After coming to power in the wake of the Great Recession, the Sargsyan government scored a few successes, including increasing freedom of expression, the digitisation and streamlining of government services, modes but toothless police reform, and greatly improving the business climate in the country.
Despite these reforms, eight years worth of data has shown that progress has slowed down considerably. Gross Domestic Product (GDP) levels have not yet recovered from the Recession, unemployment rose from 16.4% to 18.5%, poverty has increased by 11%, foreign direct investment had steadily declined by almost 73%, while up to 300 000 people are estimated to have emigrated during the Sargsyan presidency according to the Armenian National Statistical Service.

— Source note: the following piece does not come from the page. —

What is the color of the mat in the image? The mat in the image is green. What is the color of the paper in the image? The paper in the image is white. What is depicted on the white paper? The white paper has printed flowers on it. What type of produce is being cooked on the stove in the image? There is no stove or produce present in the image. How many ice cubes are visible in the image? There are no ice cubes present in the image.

Initially scattered protests gradually transformed into a large-scale organised opposition movement, criticising the administration for the slow pace of reform and inability to tackle government corruption. President Sargsyan has aknowledged his government’s failure in dealing with these issues numerous times, but failed to act decisively to alleviate these issues.
The Effect of the 4-day war
Concerns about government incompetence were highlighted when Armenian forces successfully repelled a surprise incursion by Azerbaijani troops into the unrecognised (but Armenian-controlled) Republic of Nagorno-Karabakh over a 4 day period in April. The revelation that many casualties could have been avoided if troops in the field had been issued with proper communication- and night-vision equipment fostered the notion that corruption and ineptitude should be seen as a national security issue.
These events, analysed within the context of three consecutive years of large-scale popular displays of non-confidence in the government have lead Yerevan-based analyst Richard Giragosian to describe the current situation as “almost inevitable because the current regime is ruling, not governing the country”.
Sargsyan attempted to appease critics in the same way he had dealt with them in the past: by punishing a number of scapegoats (in this case three generals), and calling for more reform in the hope of returning to the status quo. During a press conference he called for a “thorough investigation, a comprehensive and unbiased examination, and an open trial”. A parliamentary reshuffle also followed suit.
In the wake of the recent standoff, Armenian politics has entered a new phase. Despite these hurdles, the country’s democratic credentials far surpass those of most neighbouring states, and civil society is showing signs of democratic maturity, even though a clear trajectory to this end has not yet been achieved.
In the meantime, public support has shifted from older political opposition groups, such as the liberal Heritage Party and the Armenian National Congress, towards newer factions such as noted MNA Nikol Pashinyan’s Civil Contract party, and Edmond Manoukian’s Bright Armenia party, who promise a more professional approach to opposition politics in the run-up to the 2017 parliamentary elections; the first since the signing of a new constitutional reform package.